- **Work task**
Exact copies of the lines from the one holding "3D box for the" through the last line of the entries below are to be printed, with pictures omitted.

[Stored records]
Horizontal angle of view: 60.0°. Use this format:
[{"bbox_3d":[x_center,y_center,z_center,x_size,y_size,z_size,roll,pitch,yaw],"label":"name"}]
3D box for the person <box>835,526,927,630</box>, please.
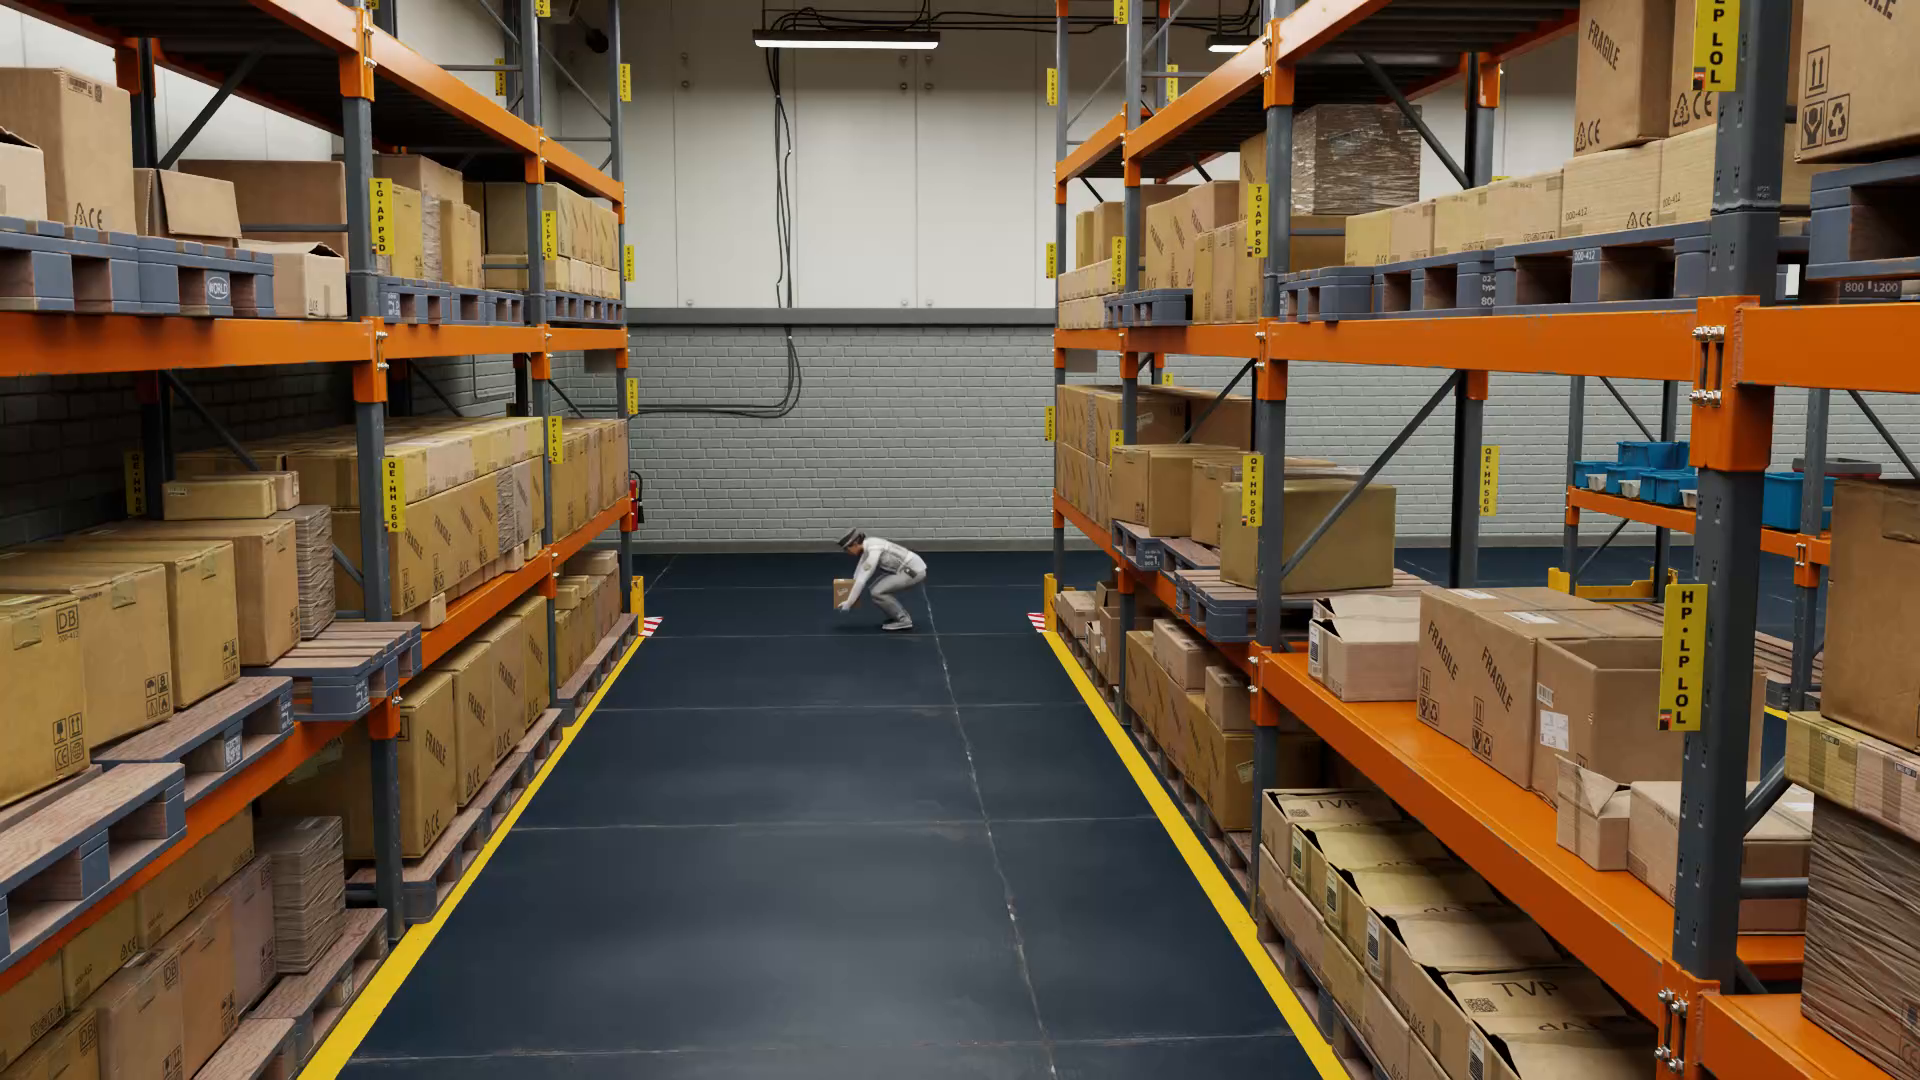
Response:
[{"bbox_3d":[-0.746,0.351,15.728,0.867,0.984,0.458,-1,7,-5],"label":"person"}]
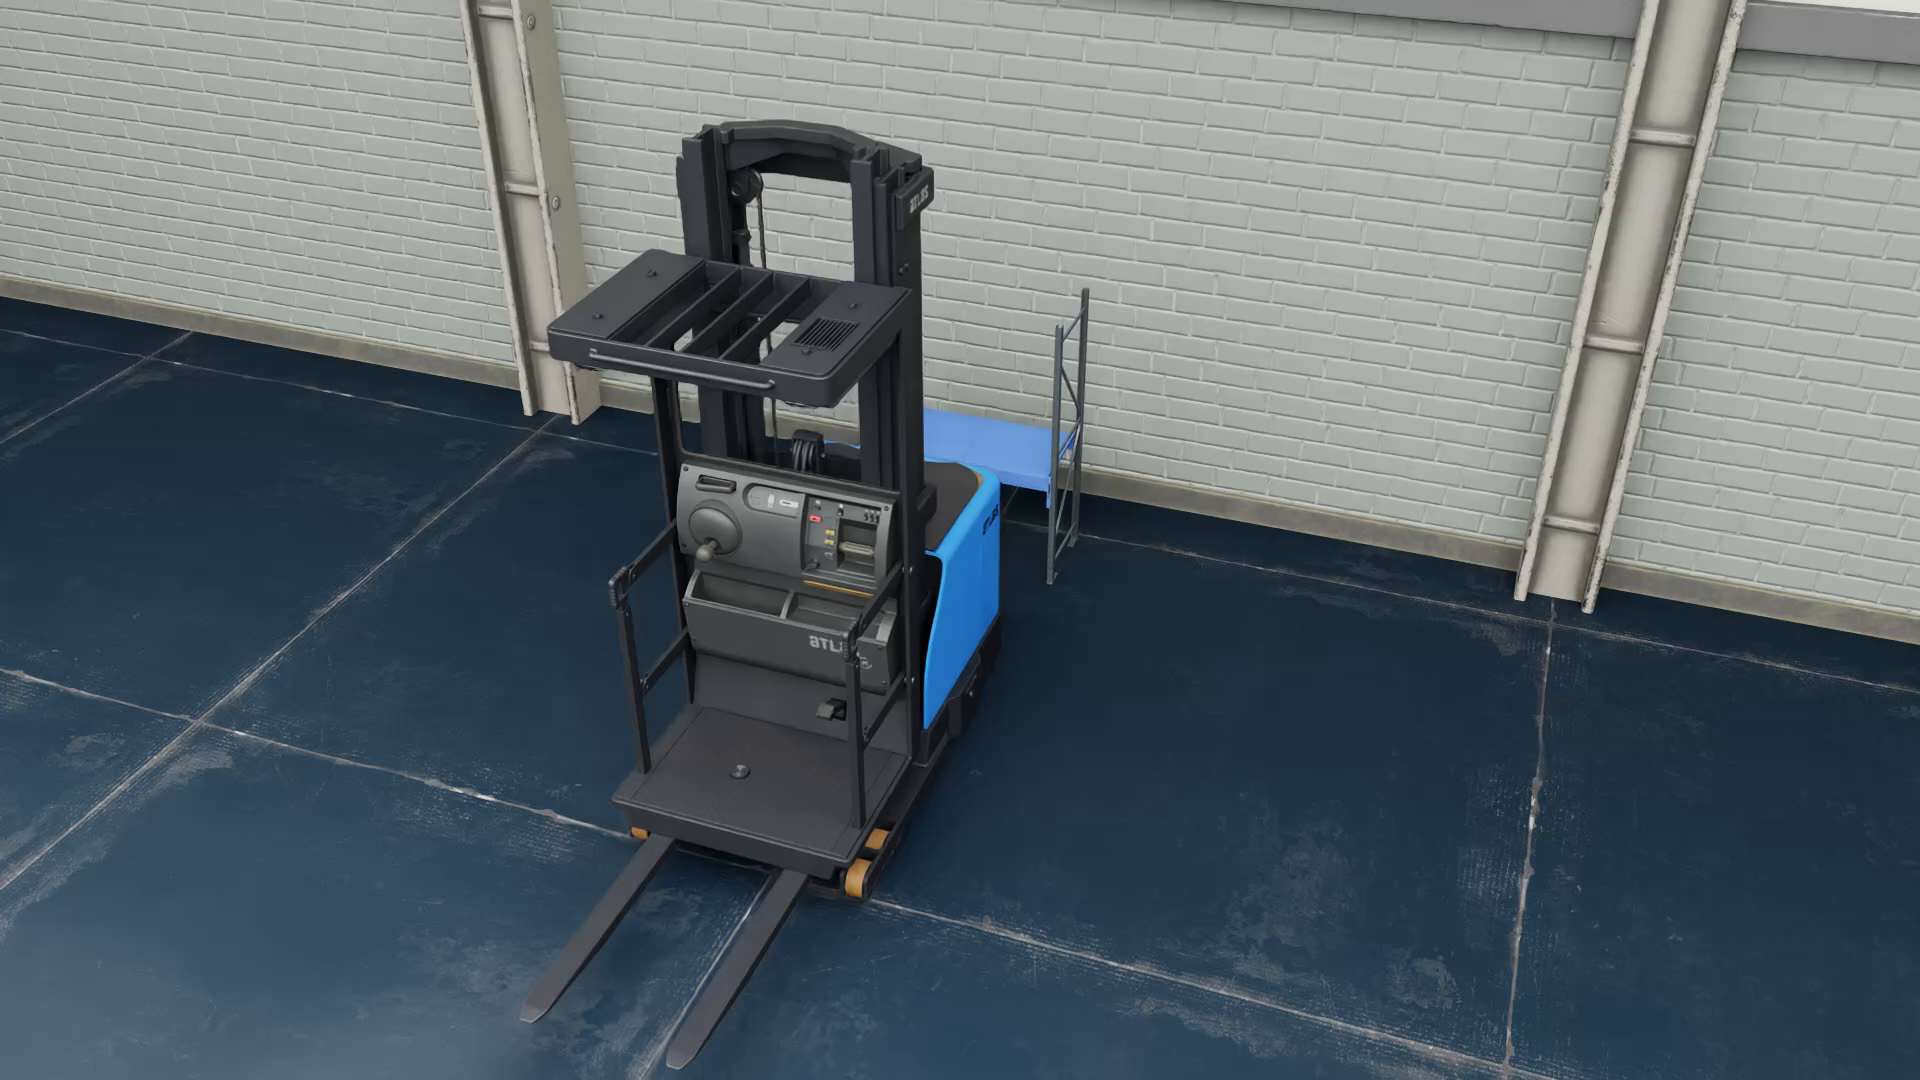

- **Worked solution**
3D box for the person <box>835,526,927,630</box>, please.
Response:
[{"bbox_3d":[-0.746,0.351,15.728,0.867,0.984,0.458,-1,7,-5],"label":"person"}]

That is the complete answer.